Резким движением он отшвырнул в сторону одеяло. Олива скрестила руки на груди, сдвинула вместе ноги.

— Невинная такая…

Олива положила голову ему на грудь. Его сердце бешено билось.

— Чего это оно у тебя колотится?

— Что?

— Сердце, говорю, колотится. Ты нервничаешь? Волнуешься?

— Я хочу тебя!..

— Но это невозможно, — отрезала Олива, — К тому же, нам нечем предохраняться.

— Можно я покурю? — спросил Салтыков.

— Кури, конечно.

Он закурил. Синий дым наполнил комнату. Олива прислонилась к его плечу.

— Щас ведь все твои волосы сигаретным дымом провоняют, — сказал Салтыков.

— Ну и ладно. Я всё равно завтра голову помою.

Салтыков молча выкурил одну сигарету, затем другую. Они опять легли под одеяло.
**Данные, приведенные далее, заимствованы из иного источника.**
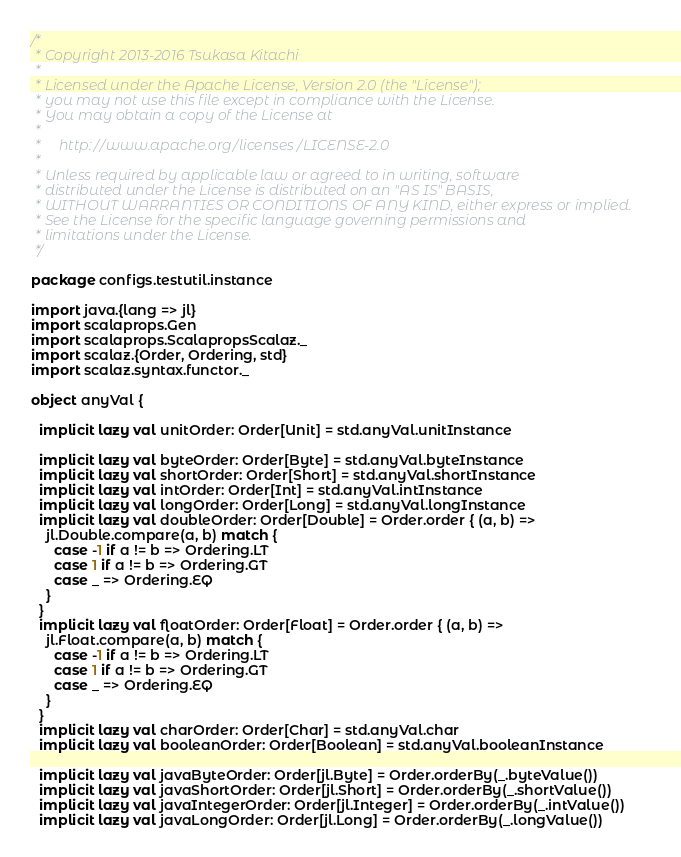<code> <loc_0><loc_0><loc_500><loc_500><_Scala_>/*
 * Copyright 2013-2016 Tsukasa Kitachi
 *
 * Licensed under the Apache License, Version 2.0 (the "License");
 * you may not use this file except in compliance with the License.
 * You may obtain a copy of the License at
 *
 *     http://www.apache.org/licenses/LICENSE-2.0
 *
 * Unless required by applicable law or agreed to in writing, software
 * distributed under the License is distributed on an "AS IS" BASIS,
 * WITHOUT WARRANTIES OR CONDITIONS OF ANY KIND, either express or implied.
 * See the License for the specific language governing permissions and
 * limitations under the License.
 */

package configs.testutil.instance

import java.{lang => jl}
import scalaprops.Gen
import scalaprops.ScalapropsScalaz._
import scalaz.{Order, Ordering, std}
import scalaz.syntax.functor._

object anyVal {

  implicit lazy val unitOrder: Order[Unit] = std.anyVal.unitInstance

  implicit lazy val byteOrder: Order[Byte] = std.anyVal.byteInstance
  implicit lazy val shortOrder: Order[Short] = std.anyVal.shortInstance
  implicit lazy val intOrder: Order[Int] = std.anyVal.intInstance
  implicit lazy val longOrder: Order[Long] = std.anyVal.longInstance
  implicit lazy val doubleOrder: Order[Double] = Order.order { (a, b) =>
    jl.Double.compare(a, b) match {
      case -1 if a != b => Ordering.LT
      case 1 if a != b => Ordering.GT
      case _ => Ordering.EQ
    }
  }
  implicit lazy val floatOrder: Order[Float] = Order.order { (a, b) =>
    jl.Float.compare(a, b) match {
      case -1 if a != b => Ordering.LT
      case 1 if a != b => Ordering.GT
      case _ => Ordering.EQ
    }
  }
  implicit lazy val charOrder: Order[Char] = std.anyVal.char
  implicit lazy val booleanOrder: Order[Boolean] = std.anyVal.booleanInstance

  implicit lazy val javaByteOrder: Order[jl.Byte] = Order.orderBy(_.byteValue())
  implicit lazy val javaShortOrder: Order[jl.Short] = Order.orderBy(_.shortValue())
  implicit lazy val javaIntegerOrder: Order[jl.Integer] = Order.orderBy(_.intValue())
  implicit lazy val javaLongOrder: Order[jl.Long] = Order.orderBy(_.longValue())</code> 
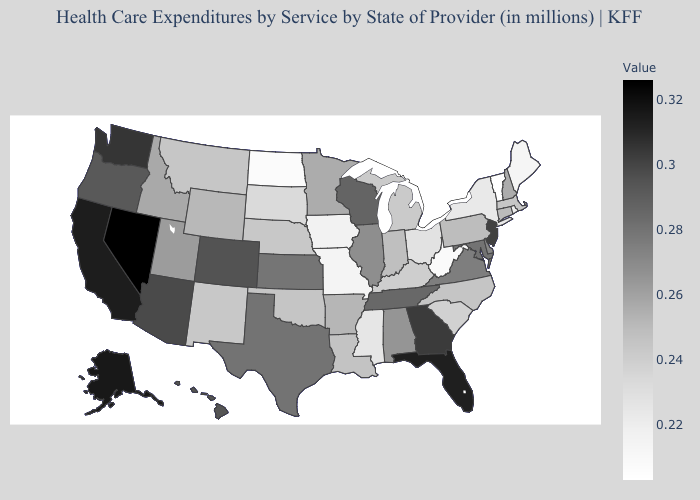Does Delaware have the highest value in the South?
Concise answer only. No. Is the legend a continuous bar?
Short answer required. Yes. Does Virginia have a higher value than Minnesota?
Short answer required. Yes. Which states have the highest value in the USA?
Answer briefly. Nevada. Which states have the highest value in the USA?
Be succinct. Nevada. Is the legend a continuous bar?
Be succinct. Yes. Among the states that border West Virginia , does Virginia have the lowest value?
Answer briefly. No. 
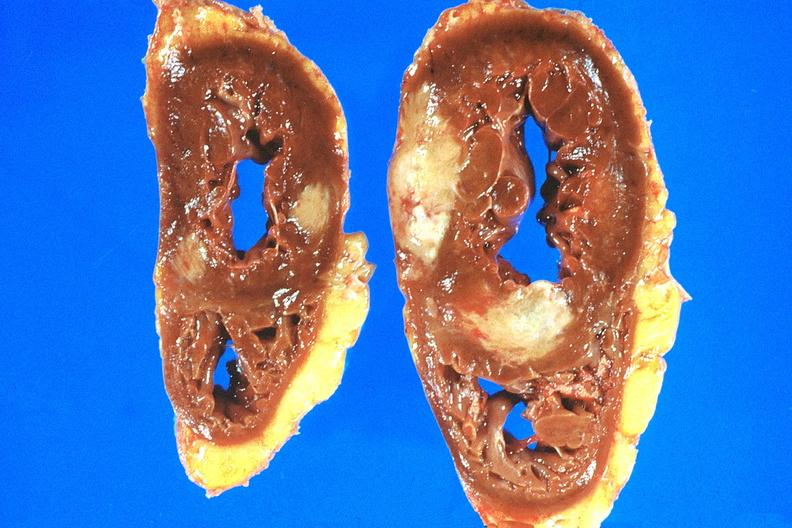does metastatic carcinoma prostate show heart, metastatic mesothelioma?
Answer the question using a single word or phrase. No 
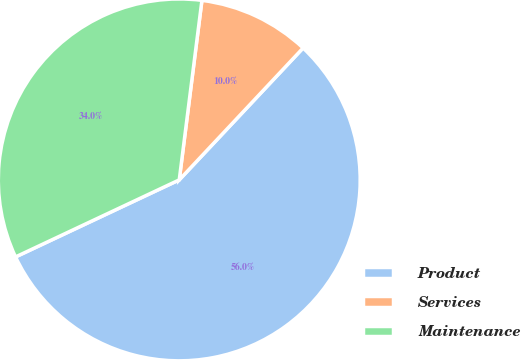<chart> <loc_0><loc_0><loc_500><loc_500><pie_chart><fcel>Product<fcel>Services<fcel>Maintenance<nl><fcel>56.0%<fcel>10.0%<fcel>34.0%<nl></chart> 
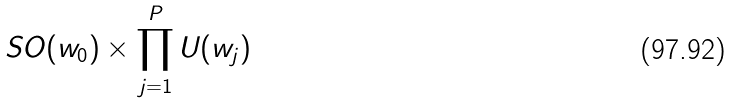<formula> <loc_0><loc_0><loc_500><loc_500>S O ( w _ { 0 } ) \times \prod _ { j = 1 } ^ { P } U ( w _ { j } )</formula>

— Как же долго я ждал тебя… — произнёс он.

— Даже когда я с Даниилом встречалась?

— Ты не представляешь, как я тогда из-за этого бесился! Я был ужасно рад, когда вы расстались.

— У меня, между прочим, с ним секса не было, — заметила Олива, — И… ни с кем не было секса. А у тебя вон сколько девок было! Я-то помню твои похождения на турбазе…

— Ну и что?

— А то, что ты вот щас со мной лежишь, а потом приедешь в Архангельск и вдруг да найдёшь там себе кого-нибудь! А мне что тогда делать?

Он стиснул её в своих объятиях.

— Я тебе клянусь…

— Не клянись, — отрезала она, — Всё это ещё вилами по воде писано.

— Олива, Олива, что ты со мной сделала, — горячечно бормотал он, целуя её где-то в области пупка, — Никогда у меня ни с кем такого не было! Я не смогу жить без тебя…

— Это ты щас так говоришь. А что потом?

— Я на тебе женюсь.

…А в окно старой каморки медленно втекал голубой питерский рассвет.